==== Source records

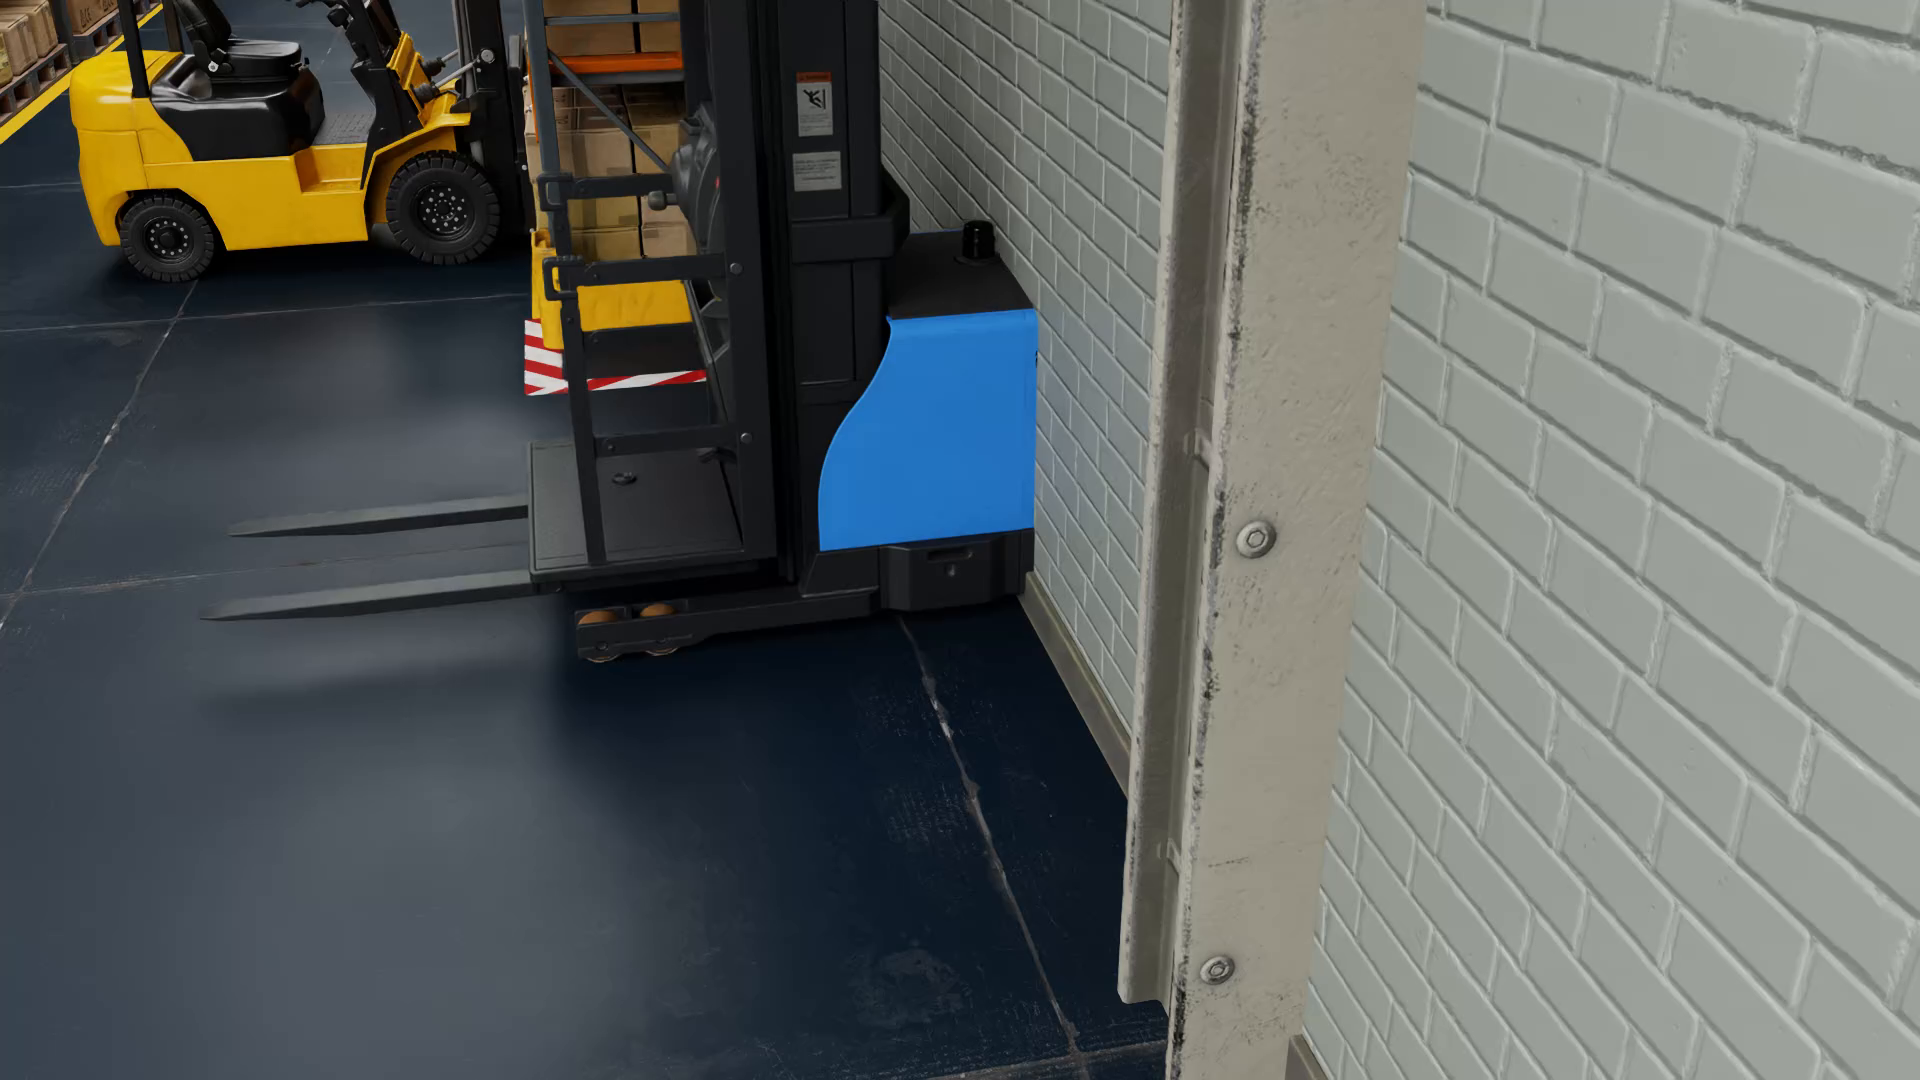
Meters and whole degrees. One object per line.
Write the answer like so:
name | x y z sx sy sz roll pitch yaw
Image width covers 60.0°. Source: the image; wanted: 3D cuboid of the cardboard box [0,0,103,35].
cardboard box | -8.208 -4.964 14.648 0.875 0.875 0.875 -6 27 -12

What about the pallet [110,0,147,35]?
pallet | -8.509 -5.057 16.034 1.003 0.211 1.213 -6 27 -12

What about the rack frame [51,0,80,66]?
rack frame | -8.133 -5.413 13.646 1.000 3.000 0.127 -6 27 -12

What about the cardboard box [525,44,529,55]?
cardboard box | -2.364 -2.882 10.107 0.500 0.250 0.500 -5 27 -10

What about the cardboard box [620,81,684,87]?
cardboard box | -1.637 -2.483 9.316 0.500 0.250 0.500 -6 27 -12

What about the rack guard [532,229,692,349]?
rack guard | -1.489 -1.280 8.232 1.175 0.500 0.348 -6 27 -12

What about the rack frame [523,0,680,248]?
rack frame | -1.495 -2.407 7.690 1.000 3.000 0.127 -6 27 -12

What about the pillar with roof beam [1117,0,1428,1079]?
pillar with roof beam | -3.616 -2.411 1.040 9.100 9.000 0.400 -6 27 -12

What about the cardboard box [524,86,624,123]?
cardboard box | -2.023 -2.207 8.770 0.500 0.250 0.500 -5 27 -11

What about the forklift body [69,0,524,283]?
forklift body | -3.700 -2.675 9.163 2.313 2.155 1.214 -6 27 -12

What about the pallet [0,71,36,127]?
pallet | -7.687 -3.291 12.535 1.003 0.211 1.213 -6 27 -12

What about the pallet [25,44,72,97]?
pallet | -7.958 -3.825 13.594 1.003 0.211 1.213 -6 27 -12

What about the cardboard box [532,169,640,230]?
cardboard box | -1.909 -1.772 8.462 0.500 0.250 0.500 -6 27 -12

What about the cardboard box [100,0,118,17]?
cardboard box | -8.405 -5.356 15.424 0.875 0.875 0.875 -6 27 -11

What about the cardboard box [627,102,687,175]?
cardboard box | -1.419 -2.043 8.445 0.500 0.250 0.500 -6 27 -12

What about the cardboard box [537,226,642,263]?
cardboard box | -1.909 -1.541 8.560 0.500 0.250 0.500 -6 27 -11

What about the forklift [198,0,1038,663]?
forklift | -1.021 -1.169 5.313 3.031 2.935 1.130 -6 27 -12

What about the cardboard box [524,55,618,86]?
cardboard box | -2.254 -2.651 9.649 0.500 0.250 0.500 -7 28 -13

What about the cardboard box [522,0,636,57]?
cardboard box | -1.862 -2.641 8.042 0.500 0.500 0.500 -7 28 -13

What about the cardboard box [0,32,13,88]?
cardboard box | -7.676 -3.522 12.349 0.950 0.372 0.625 -5 27 -10

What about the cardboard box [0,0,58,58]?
cardboard box | -8.015 -4.179 13.650 0.950 0.372 0.625 -8 28 -15

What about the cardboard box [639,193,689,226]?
cardboard box | -1.398 -1.818 8.553 0.500 0.250 0.500 -5 27 -11

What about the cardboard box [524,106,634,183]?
cardboard box | -1.902 -1.984 8.327 0.500 0.250 0.500 -5 27 -10

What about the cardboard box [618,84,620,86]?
cardboard box | -1.746 -2.709 9.764 0.500 0.250 0.500 -6 27 -13

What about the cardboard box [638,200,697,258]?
cardboard box | -1.415 -1.602 8.681 0.500 0.250 0.500 -6 27 -11

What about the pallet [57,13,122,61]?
pallet | -8.237 -4.522 14.975 1.003 0.211 1.213 -6 27 -12

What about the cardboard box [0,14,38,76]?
cardboard box | -7.841 -3.855 13.010 0.950 0.372 0.625 -6 27 -13

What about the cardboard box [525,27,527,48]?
cardboard box | -2.488 -3.100 10.538 0.500 0.250 0.500 -6 27 -12

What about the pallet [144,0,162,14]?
pallet | -8.787 -5.593 17.097 1.003 0.211 1.213 -6 27 -12

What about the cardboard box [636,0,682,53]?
cardboard box | -1.336 -2.697 8.154 0.500 0.500 0.500 -5 27 -10

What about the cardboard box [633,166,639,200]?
cardboard box | -1.522 -2.037 8.987 0.500 0.250 0.500 -6 27 -12

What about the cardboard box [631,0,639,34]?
cardboard box | -1.475 -2.924 8.603 0.500 0.500 0.500 -5 27 -10

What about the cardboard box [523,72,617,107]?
cardboard box | -2.147 -2.428 9.207 0.500 0.250 0.500 -6 27 -11

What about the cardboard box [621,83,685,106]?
cardboard box | -1.535 -2.262 8.879 0.500 0.250 0.500 -6 27 -12

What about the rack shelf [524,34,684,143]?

========

### What you should do
Give the complete material again, exactly as written. Do not include the pictures.

### Solution below
Meters and whole degrees. One object per line.
Write the answer like so:
name | x y z sx sy sz roll pitch yaw
Image width covers 60.0°. Source: the image; wanted: 3D cuboid of the cardboard box [0,0,103,35].
cardboard box | -8.208 -4.964 14.648 0.875 0.875 0.875 -6 27 -12

What about the pallet [110,0,147,35]?
pallet | -8.509 -5.057 16.034 1.003 0.211 1.213 -6 27 -12

What about the rack frame [51,0,80,66]?
rack frame | -8.133 -5.413 13.646 1.000 3.000 0.127 -6 27 -12

What about the cardboard box [525,44,529,55]?
cardboard box | -2.364 -2.882 10.107 0.500 0.250 0.500 -5 27 -10

What about the cardboard box [620,81,684,87]?
cardboard box | -1.637 -2.483 9.316 0.500 0.250 0.500 -6 27 -12

What about the rack guard [532,229,692,349]?
rack guard | -1.489 -1.280 8.232 1.175 0.500 0.348 -6 27 -12

What about the rack frame [523,0,680,248]?
rack frame | -1.495 -2.407 7.690 1.000 3.000 0.127 -6 27 -12

What about the pillar with roof beam [1117,0,1428,1079]?
pillar with roof beam | -3.616 -2.411 1.040 9.100 9.000 0.400 -6 27 -12

What about the cardboard box [524,86,624,123]?
cardboard box | -2.023 -2.207 8.770 0.500 0.250 0.500 -5 27 -11

What about the forklift body [69,0,524,283]?
forklift body | -3.700 -2.675 9.163 2.313 2.155 1.214 -6 27 -12

What about the pallet [0,71,36,127]?
pallet | -7.687 -3.291 12.535 1.003 0.211 1.213 -6 27 -12

What about the pallet [25,44,72,97]?
pallet | -7.958 -3.825 13.594 1.003 0.211 1.213 -6 27 -12

What about the cardboard box [532,169,640,230]?
cardboard box | -1.909 -1.772 8.462 0.500 0.250 0.500 -6 27 -12

What about the cardboard box [100,0,118,17]?
cardboard box | -8.405 -5.356 15.424 0.875 0.875 0.875 -6 27 -11

What about the cardboard box [627,102,687,175]?
cardboard box | -1.419 -2.043 8.445 0.500 0.250 0.500 -6 27 -12

What about the cardboard box [537,226,642,263]?
cardboard box | -1.909 -1.541 8.560 0.500 0.250 0.500 -6 27 -11

What about the forklift [198,0,1038,663]?
forklift | -1.021 -1.169 5.313 3.031 2.935 1.130 -6 27 -12

What about the cardboard box [524,55,618,86]?
cardboard box | -2.254 -2.651 9.649 0.500 0.250 0.500 -7 28 -13

What about the cardboard box [522,0,636,57]?
cardboard box | -1.862 -2.641 8.042 0.500 0.500 0.500 -7 28 -13

What about the cardboard box [0,32,13,88]?
cardboard box | -7.676 -3.522 12.349 0.950 0.372 0.625 -5 27 -10

What about the cardboard box [0,0,58,58]?
cardboard box | -8.015 -4.179 13.650 0.950 0.372 0.625 -8 28 -15

What about the cardboard box [639,193,689,226]?
cardboard box | -1.398 -1.818 8.553 0.500 0.250 0.500 -5 27 -11

What about the cardboard box [524,106,634,183]?
cardboard box | -1.902 -1.984 8.327 0.500 0.250 0.500 -5 27 -10

What about the cardboard box [618,84,620,86]?
cardboard box | -1.746 -2.709 9.764 0.500 0.250 0.500 -6 27 -13

What about the cardboard box [638,200,697,258]?
cardboard box | -1.415 -1.602 8.681 0.500 0.250 0.500 -6 27 -11

What about the pallet [57,13,122,61]?
pallet | -8.237 -4.522 14.975 1.003 0.211 1.213 -6 27 -12

What about the cardboard box [0,14,38,76]?
cardboard box | -7.841 -3.855 13.010 0.950 0.372 0.625 -6 27 -13

What about the cardboard box [525,27,527,48]?
cardboard box | -2.488 -3.100 10.538 0.500 0.250 0.500 -6 27 -12

What about the pallet [144,0,162,14]?
pallet | -8.787 -5.593 17.097 1.003 0.211 1.213 -6 27 -12

What about the cardboard box [636,0,682,53]?
cardboard box | -1.336 -2.697 8.154 0.500 0.500 0.500 -5 27 -10

What about the cardboard box [633,166,639,200]?
cardboard box | -1.522 -2.037 8.987 0.500 0.250 0.500 -6 27 -12

What about the cardboard box [631,0,639,34]?
cardboard box | -1.475 -2.924 8.603 0.500 0.500 0.500 -5 27 -10

What about the cardboard box [523,72,617,107]?
cardboard box | -2.147 -2.428 9.207 0.500 0.250 0.500 -6 27 -11

What about the cardboard box [621,83,685,106]?
cardboard box | -1.535 -2.262 8.879 0.500 0.250 0.500 -6 27 -12

What about the rack shelf [524,34,684,143]?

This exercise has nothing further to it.